Elle se tourna vers les autres et poursuivit.
— Lorsque vous êtes face à un membre de la famille royale, vous devez incliner légèrement la tête en signe de respect. Pas trop bas, pas trop haut. C'est un équilibre subtil que vous devez maîtriser.
Esme montra ensuite comment marcher, parler à voix basse, et même comment poser un plateau avec une précision parfaite.
— Tout ici est une question de contrôle, insista-t-elle. La moindre erreur, le moindre faux geste, sera remarqué. Et dans cette maison, il n'y a pas de place pour l'approximation. Est-ce bien compris ?
Les jeunes filles acquiescèrent en silence, sentant le poids de la tâche qui les attendait. Alna, bien que stressée, observait attentivement, consciente qu'elle n'avait pas le droit à l'erreur.
Alors qu'elles étaient sur le point de rentrer, ayant fini leur première rencontre avec la gouvernante. Alna, qui traînait un peu à l'arrière du groupe, essayait discrètement de réajuster le bas de sa robe, qui la gênait en marchant. Mais, perdue dans ses pensées, elle ne vit pas une petite irrégularité au sol et trébucha légèrement. Elle réussit à se rattraper, mais pas sans perdre un peu d'équilibre.
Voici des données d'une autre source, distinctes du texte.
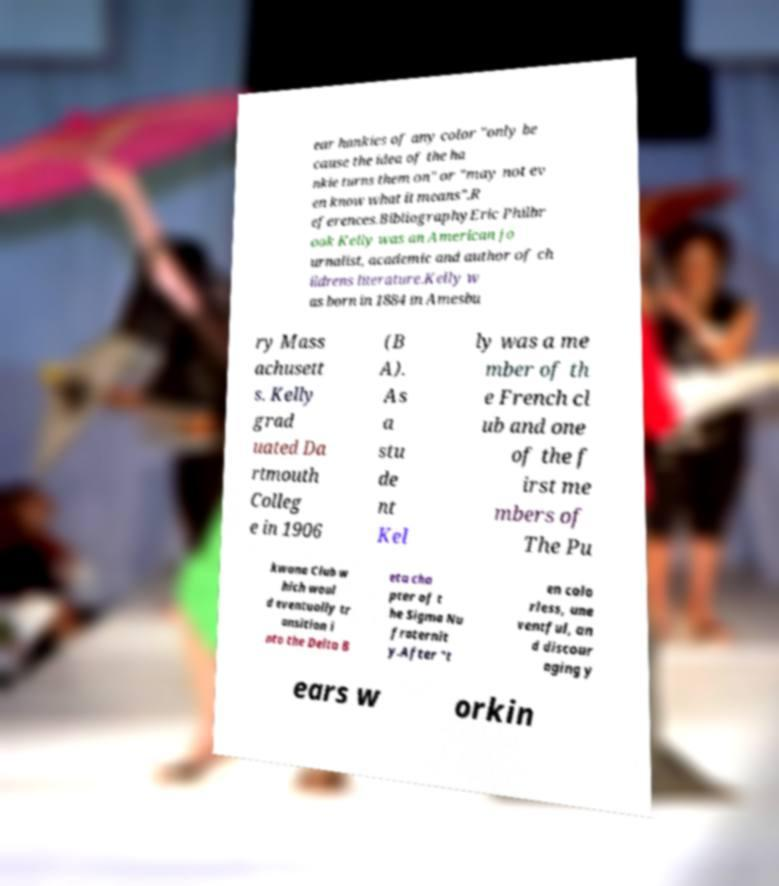I need the written content from this picture converted into text. Can you do that? ear hankies of any color "only be cause the idea of the ha nkie turns them on" or "may not ev en know what it means".R eferences.BibliographyEric Philbr ook Kelly was an American jo urnalist, academic and author of ch ildrens literature.Kelly w as born in 1884 in Amesbu ry Mass achusett s. Kelly grad uated Da rtmouth Colleg e in 1906 (B A). As a stu de nt Kel ly was a me mber of th e French cl ub and one of the f irst me mbers of The Pu kwana Club w hich woul d eventually tr ansition i nto the Delta B eta cha pter of t he Sigma Nu fraternit y.After "t en colo rless, une ventful, an d discour aging y ears w orkin 
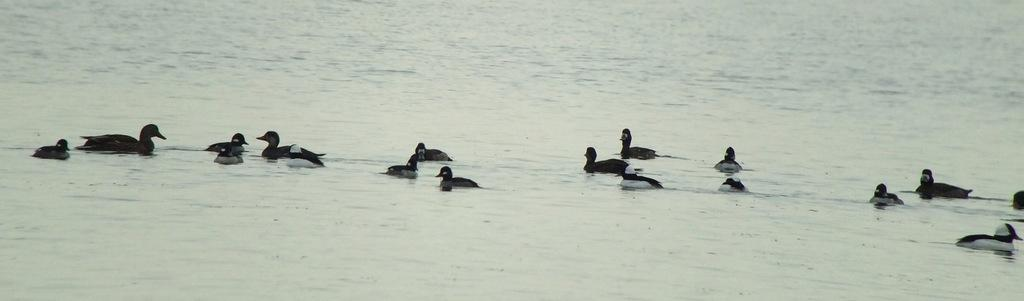What type of animals can be seen in the image? There are ducks in the image. Where are the ducks located? The ducks are on the water. What type of ice can be seen on the ducks' wings in the image? There is no ice present on the ducks' wings in the image. What curve can be seen in the image? There is no curve mentioned or visible in the image; it only features ducks on the water.

Quand elle releva la tête, les autres filles étaient déjà plus loin, complètement concentrées sur leurs discussions. Elle accéléra le pas pour les rattraper, mais à ce moment-là, quelque chose dans l'air changea.
Un bruit lourd résonna dans le hall, suivi de l'ouverture majestueuse des portes principales. Alna se figea, comme tous les autres domestiques présents. Les murmures cessèrent, et un silence respectueux s'installa. Elle vit des regards paniqués autour d'elle, et tout le monde se précipita sur les côtés pour s'incliner profondément.
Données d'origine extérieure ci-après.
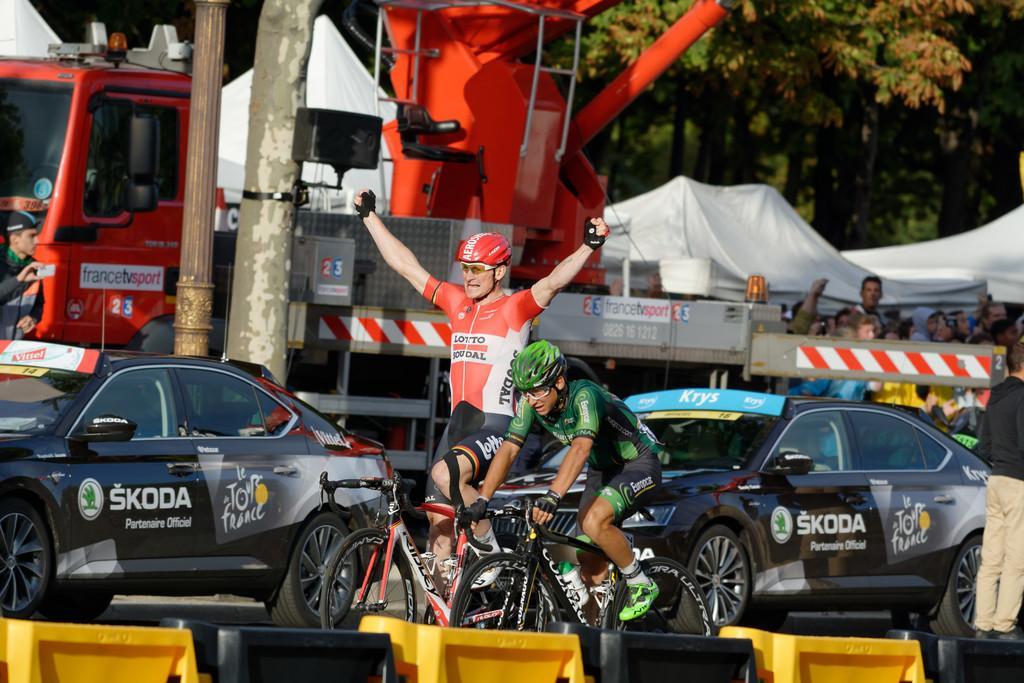Describe this image in one or two sentences. As we can see in the image there are few people, bicycles, cars, truck and there are trees. 
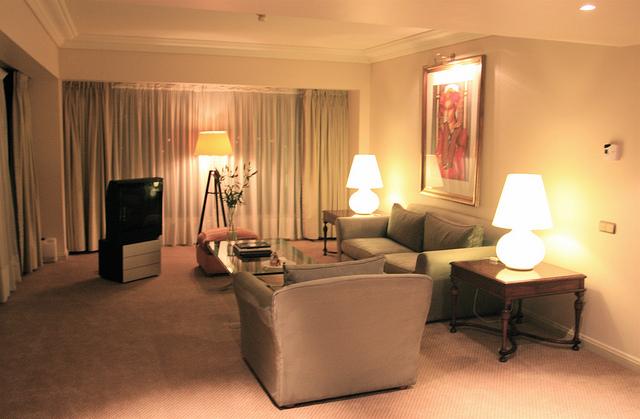What room is this?
Short answer required. Living room. Are there a lot of windows?
Be succinct. Yes. How many lamps are on?
Keep it brief. 3. 
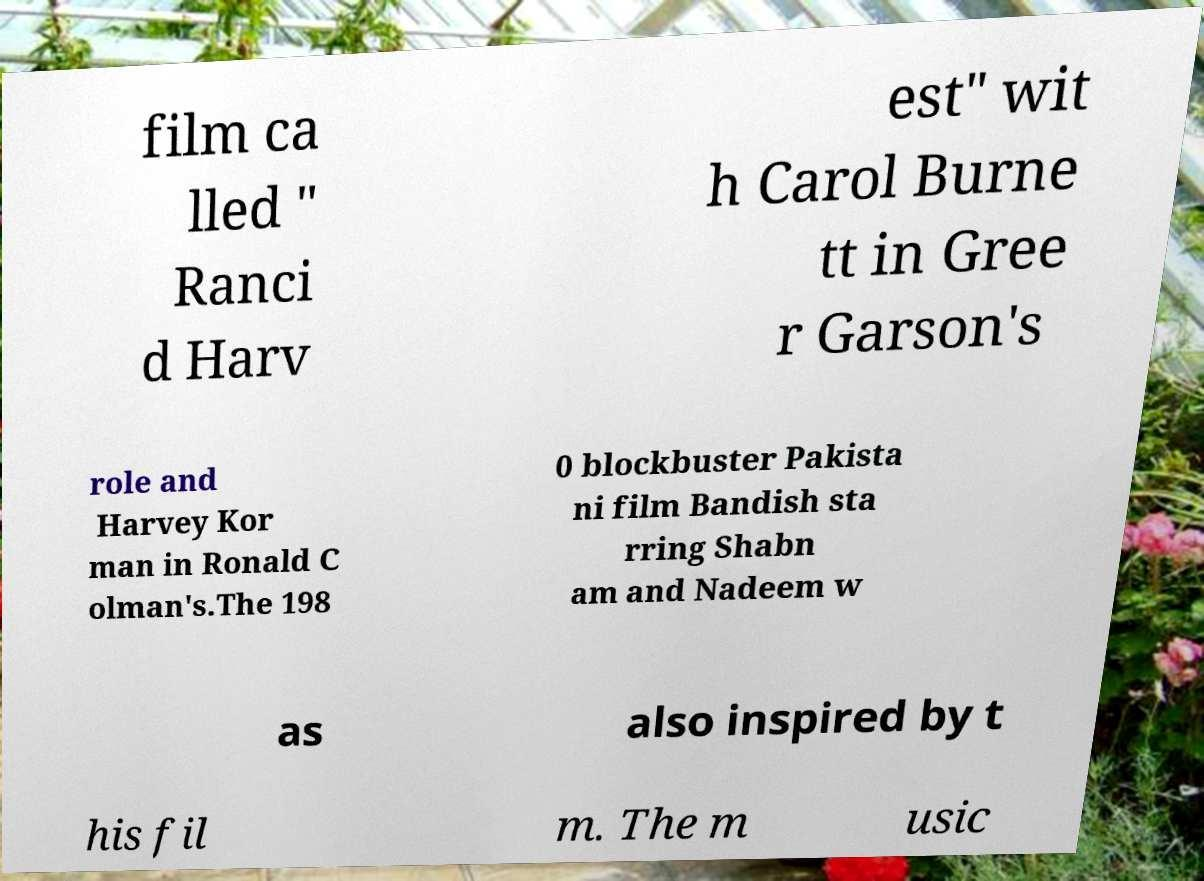Please identify and transcribe the text found in this image. film ca lled " Ranci d Harv est" wit h Carol Burne tt in Gree r Garson's role and Harvey Kor man in Ronald C olman's.The 198 0 blockbuster Pakista ni film Bandish sta rring Shabn am and Nadeem w as also inspired by t his fil m. The m usic 
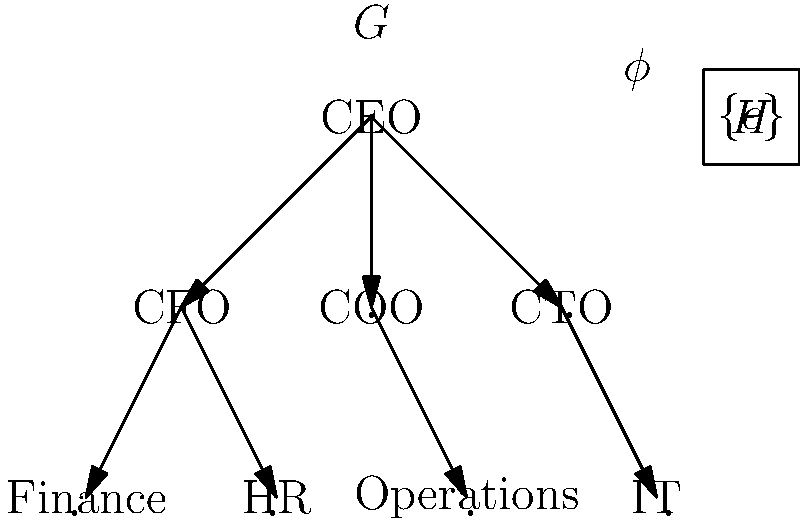In the organizational structure shown above, consider a group homomorphism $\phi: G \rightarrow H$ where $G$ represents the entire organizational hierarchy and $H = \{e\}$ is the trivial group. If $\ker(\phi)$ represents the set of all employees who report directly or indirectly to the COO, how many elements are in $\ker(\phi)$, and what does this tell us about the nature of $\phi$? Let's approach this step-by-step:

1) First, recall that for a group homomorphism $\phi: G \rightarrow H$, the kernel $\ker(\phi)$ is the set of all elements in $G$ that map to the identity element in $H$.

2) In this case, $H = \{e\}$ is the trivial group, so every element in $G$ must map to $e$ in $H$.

3) This means that $\ker(\phi) = G$, i.e., the kernel includes all elements of $G$.

4) Now, we need to count the elements that report directly or indirectly to the COO:
   - COO
   - Operations department

5) This gives us 2 elements in $\ker(\phi)$.

6) However, we know that $\ker(\phi) = G$, which means it should include all 8 positions in the organization.

7) This discrepancy tells us that the given condition about $\ker(\phi)$ representing only those reporting to the COO is incorrect.

8) In fact, $\phi$ is the trivial homomorphism that maps every element of $G$ to the identity element of $H$.

9) This type of homomorphism is called the trivial homomorphism and it always exists between any two groups.

10) The fact that $\ker(\phi) = G$ tells us that $\phi$ is not injective (one-to-one), as multiple elements of $G$ map to the same element in $H$.
Answer: 8 elements; $\phi$ is the trivial homomorphism 
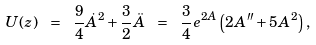<formula> <loc_0><loc_0><loc_500><loc_500>U ( z ) \ = \ \frac { 9 } { 4 } \dot { A } ^ { 2 } + \frac { 3 } { 2 } \ddot { A } \ = \ \frac { 3 } { 4 } e ^ { 2 A } \left ( 2 A ^ { \prime \prime } + 5 A ^ { 2 } \right ) ,</formula> 
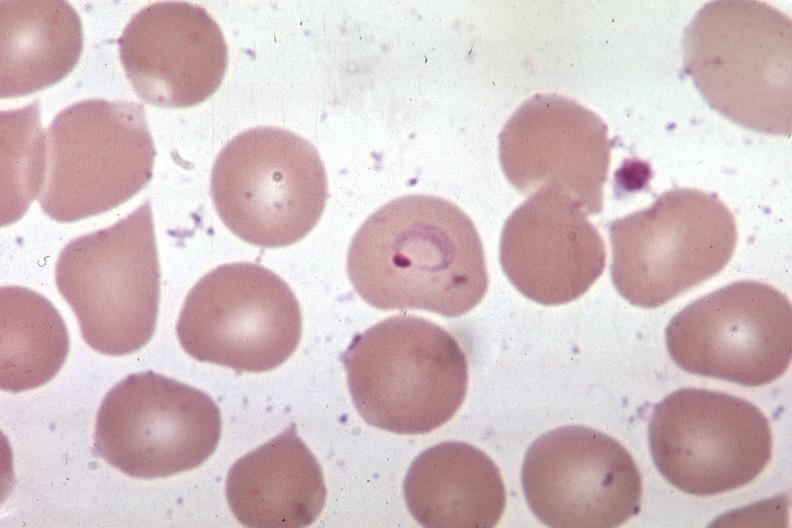what is present?
Answer the question using a single word or phrase. Malaria plasmodium vivax 
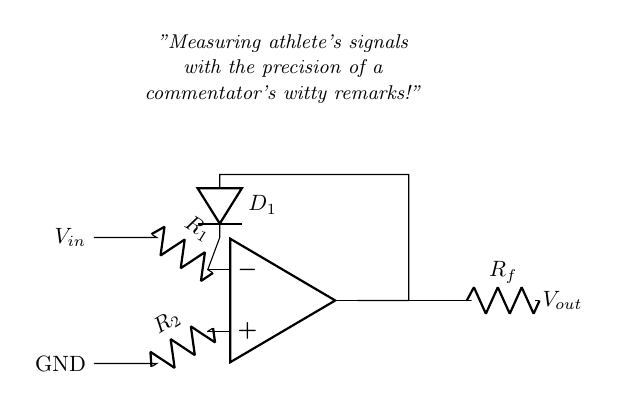What is the function of the op-amp in this circuit? The op-amp functions as a precision rectifier to accurately measure input signals without significant voltage drop.
Answer: Precision rectifier What types of resistors are used in the circuit? The circuit utilizes two resistors labeled R1 and R2, which are in series with the input signals at the op-amp terminals.
Answer: R1 and R2 How many diodes are present in this rectifier circuit? There is one diode, labeled D1, that is used for the rectification process.
Answer: One What does the output voltage represent in this circuit? The output voltage, denoted as Vout, represents the rectified signal that correlates to the athlete's biometric data being measured.
Answer: Biometric signal What are the input and ground connections labeled as? The input connection is labeled Vin and the ground connection is labeled as GND in the circuit diagram.
Answer: Vin and GND What is the primary application of this precision rectifier circuit? The primary application is for real-time measurement of athletes' biometric signals, ensuring accuracy and precision.
Answer: Measuring biometric signals

Confuse, Alna resta au milieu du passage, ne comprenant pas ce qui se passait. C'est alors qu'elle les aperçut : la reine, imposante dans sa démarche, avançait avec une grâce froide, suivie de près par le prince. Leur présence dégageait une autorité qui forçait le respect, même chez les plus téméraires.
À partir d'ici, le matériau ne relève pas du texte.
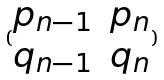Convert formula to latex. <formula><loc_0><loc_0><loc_500><loc_500>( \begin{matrix} p _ { n - 1 } & p _ { n } \\ q _ { n - 1 } & q _ { n } \end{matrix} )</formula> 
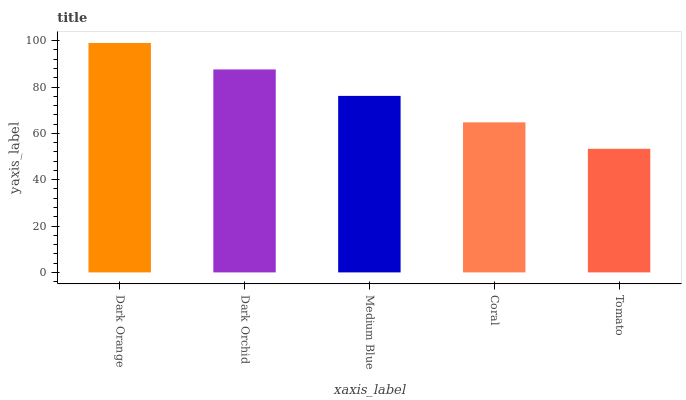Is Tomato the minimum?
Answer yes or no. Yes. Is Dark Orange the maximum?
Answer yes or no. Yes. Is Dark Orchid the minimum?
Answer yes or no. No. Is Dark Orchid the maximum?
Answer yes or no. No. Is Dark Orange greater than Dark Orchid?
Answer yes or no. Yes. Is Dark Orchid less than Dark Orange?
Answer yes or no. Yes. Is Dark Orchid greater than Dark Orange?
Answer yes or no. No. Is Dark Orange less than Dark Orchid?
Answer yes or no. No. Is Medium Blue the high median?
Answer yes or no. Yes. Is Medium Blue the low median?
Answer yes or no. Yes. Is Dark Orange the high median?
Answer yes or no. No. Is Tomato the low median?
Answer yes or no. No. 
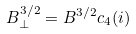<formula> <loc_0><loc_0><loc_500><loc_500>B _ { \perp } ^ { 3 / 2 } = B ^ { 3 / 2 } c _ { 4 } ( i )</formula> 
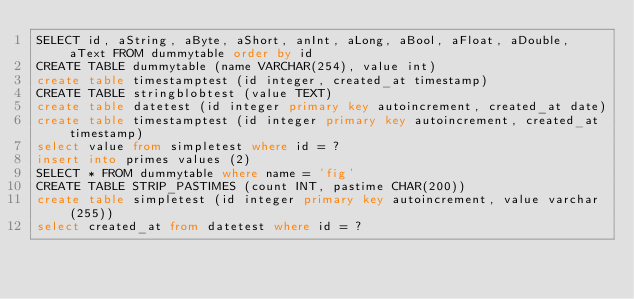Convert code to text. <code><loc_0><loc_0><loc_500><loc_500><_SQL_>SELECT id, aString, aByte, aShort, anInt, aLong, aBool, aFloat, aDouble, aText FROM dummytable order by id
CREATE TABLE dummytable (name VARCHAR(254), value int)
create table timestamptest (id integer, created_at timestamp)
CREATE TABLE stringblobtest (value TEXT)
create table datetest (id integer primary key autoincrement, created_at date)
create table timestamptest (id integer primary key autoincrement, created_at timestamp)
select value from simpletest where id = ?
insert into primes values (2)
SELECT * FROM dummytable where name = 'fig'
CREATE TABLE STRIP_PASTIMES (count INT, pastime CHAR(200))
create table simpletest (id integer primary key autoincrement, value varchar(255))
select created_at from datetest where id = ?
</code> 
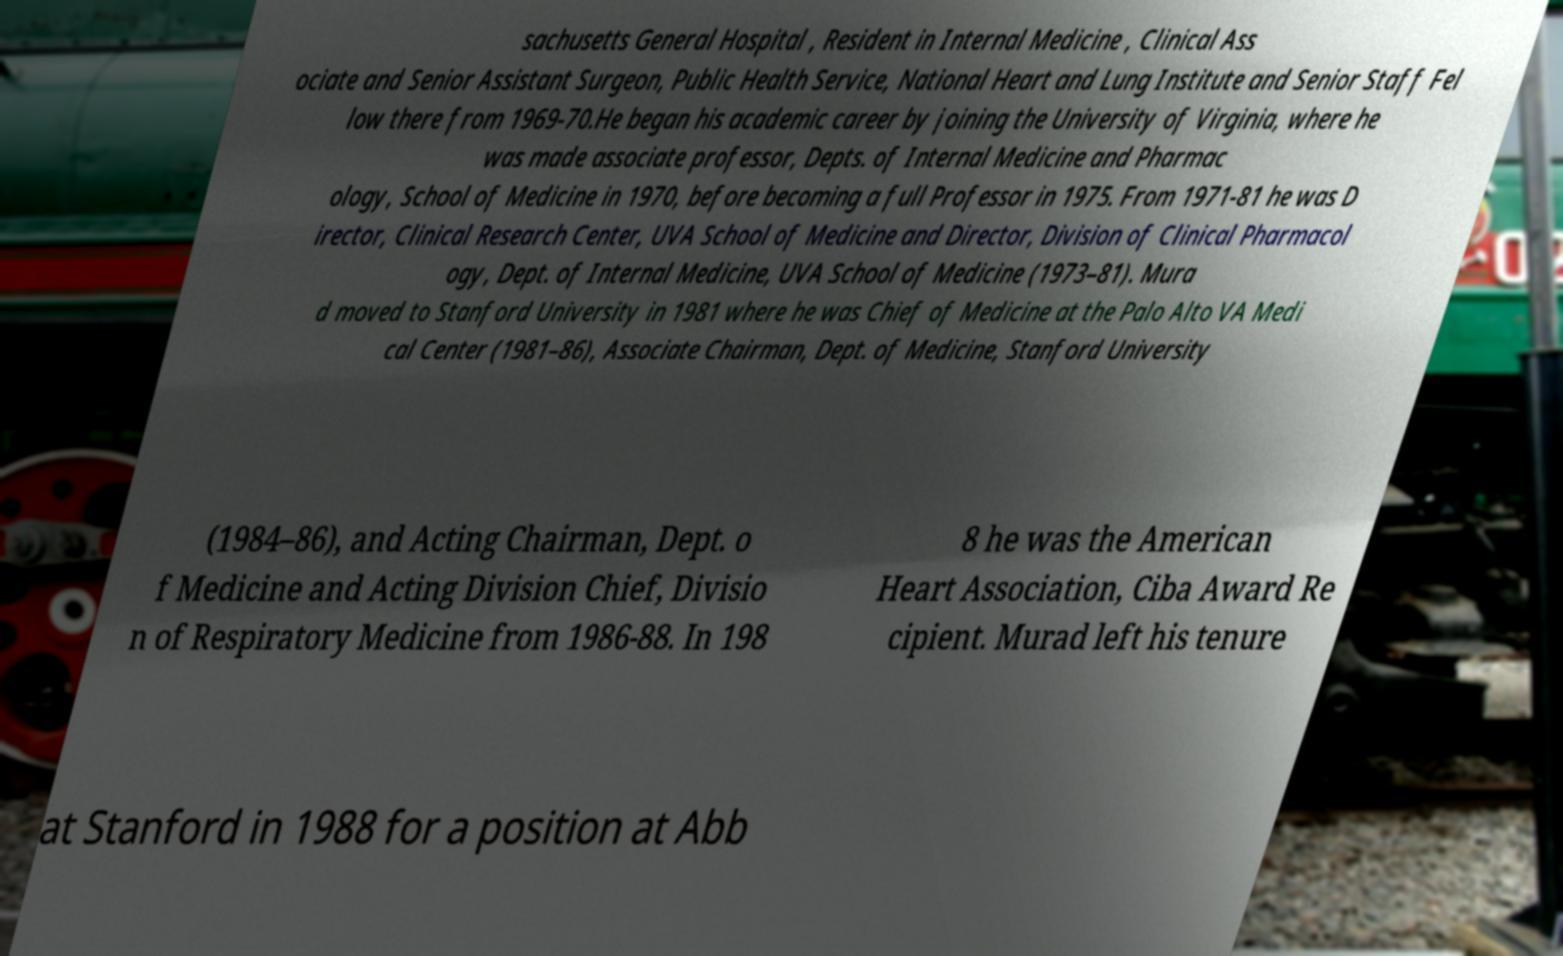Could you extract and type out the text from this image? sachusetts General Hospital , Resident in Internal Medicine , Clinical Ass ociate and Senior Assistant Surgeon, Public Health Service, National Heart and Lung Institute and Senior Staff Fel low there from 1969-70.He began his academic career by joining the University of Virginia, where he was made associate professor, Depts. of Internal Medicine and Pharmac ology, School of Medicine in 1970, before becoming a full Professor in 1975. From 1971-81 he was D irector, Clinical Research Center, UVA School of Medicine and Director, Division of Clinical Pharmacol ogy, Dept. of Internal Medicine, UVA School of Medicine (1973–81). Mura d moved to Stanford University in 1981 where he was Chief of Medicine at the Palo Alto VA Medi cal Center (1981–86), Associate Chairman, Dept. of Medicine, Stanford University (1984–86), and Acting Chairman, Dept. o f Medicine and Acting Division Chief, Divisio n of Respiratory Medicine from 1986-88. In 198 8 he was the American Heart Association, Ciba Award Re cipient. Murad left his tenure at Stanford in 1988 for a position at Abb

Alna, plantée là, n'avait toujours pas bougé. Les battements de son cœur s'accélérèrent en réalisant qu'elle était la seule debout, complètement hors de place.
Le prince, remarquant cette silhouette immobile qui ne s'inclinait pas comme les autres, tourna la tête vers elle, intrigué. Leurs regards se croisèrent brièvement. Celui d'Alna était un mélange de panique et d'incompréhension, tandis que le sien semblait plus curieux qu'irrité.
Elle sentit une chaleur lui monter au visage, d'autant plus quand une mèche rebelle, échappée de son chignon, vint tomber sur son front. Gênée, elle tenta maladroitement de l'écarter tout en baissant légèrement les yeux. Mais le moment était déjà passé : le prince continuait d'avancer, sans un mot, mais avec une expression presque imperceptible d'intérêt dans le regard.